Ishta Spinal Touch has its origins with two Chiropractors called John Hurley and Helen Sanders. John Hurley was a structural engineer who had become fascinated with the idea of applying his knowledge of structural stresses to the human body. To further this aim he trained as a Chiropractor. He obtained his degree from the Palmer College of Chiropractic in 1915. While in Chiropractic College he met a fellow student, Helen Sanders, and they married. Together, in the early 1920’s, they developed a technique for postural reintegration using engineering principles, laws of leverage, physiology and Chiropractic. They called it Aquarian Age Healing. Drs. Hurley and Sanders eventually divorced and Dr. Hurley moved to Colorado where he continued to teach the technique until his death in the late 1950’s.
One of the instructors that John Hurley trained was a Chiropractor called Francis Goes. He worked in private practice and kept the technique pure.
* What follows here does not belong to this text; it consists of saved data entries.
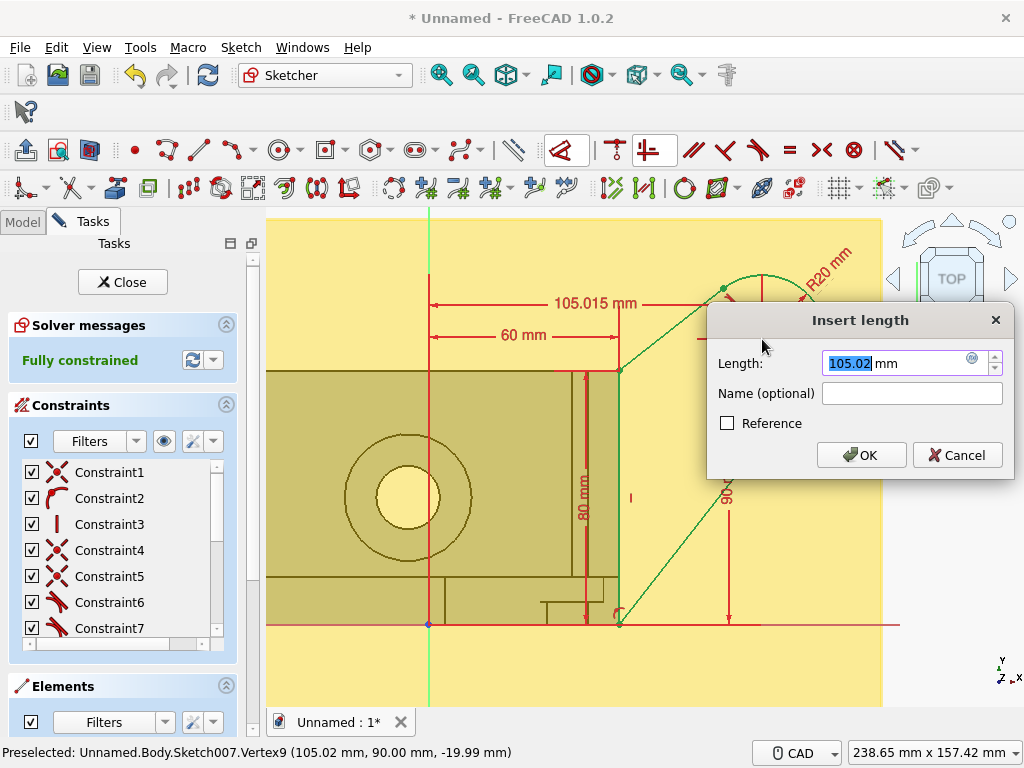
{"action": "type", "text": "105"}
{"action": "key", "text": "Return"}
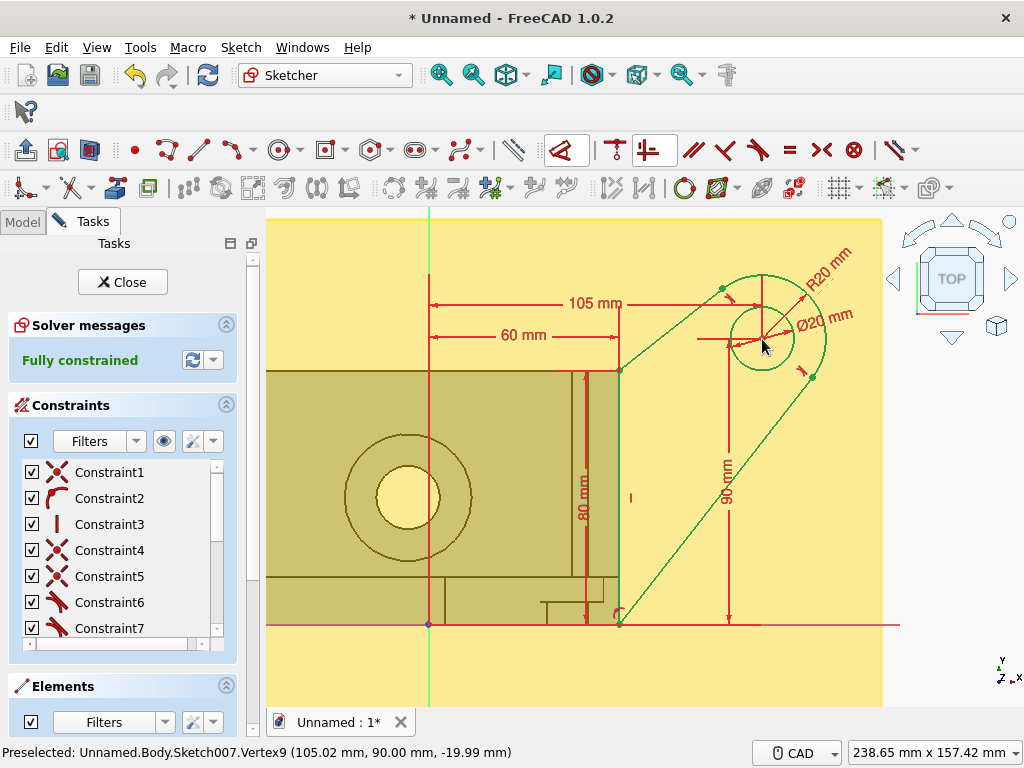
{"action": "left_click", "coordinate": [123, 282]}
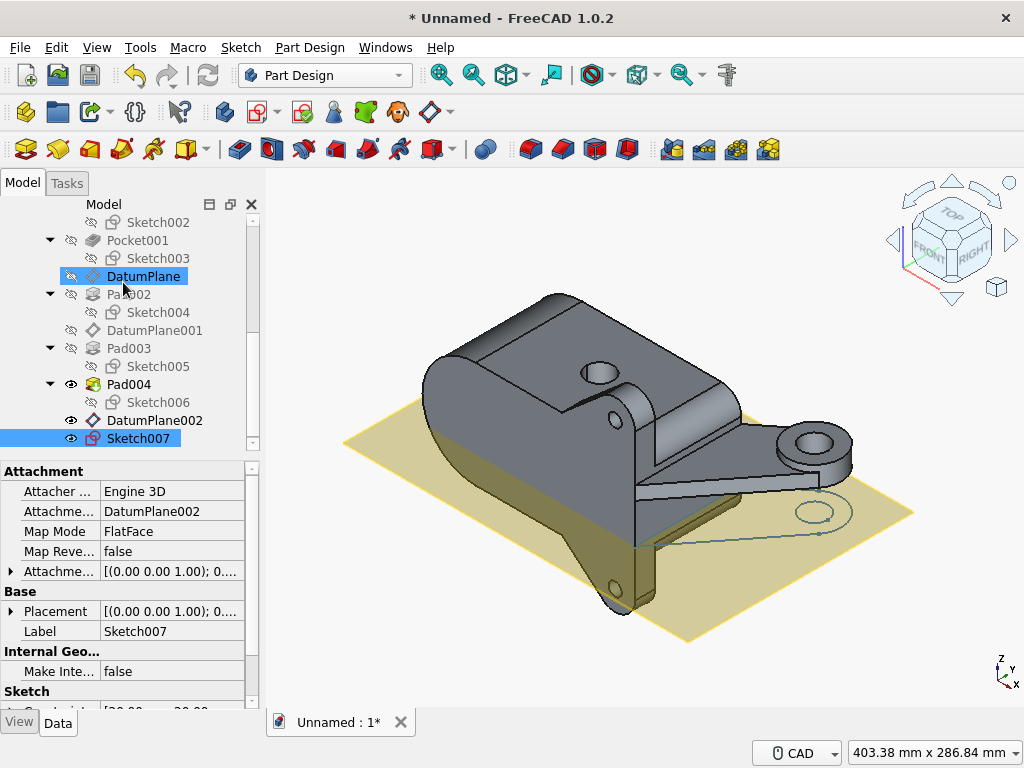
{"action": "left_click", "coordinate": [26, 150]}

In 1962 he taught another Chiropractor called LaMar Rosquist, over a period of about fifteen months, who collated all the material. He was later to change the name to Spinal Touch. Dr. Goes encouraged Dr. Rosquist to improve and refine the technique, and in 1975 he published the ‘Encyclopaedia of the Spinal Touch Treatment’ and began teaching it.
Sue Weller and Allyn Edwards, both McTimoney Chiropractors, went over to America to train with Dr. Rosquist in 1998. As they had been the Principal and Senior practical tutors at the McTimoney Chiropractic College for many years, Dr. Rosquist asked them if they would train to be tutors in Spinal Touch, and teach it to health care professionals and to lay people in the United Kingdom. They now run seminars in Ishta Spinal Touch.
ISHTA stands for Integrating Spinal Health with Therapeutic Approaches. They believe that Spinal Touch has the ability to enhance many other therapeutic modalities, either in combination or in alternation with them. They also have a thriving private practice where Spinal Touch is used extensively.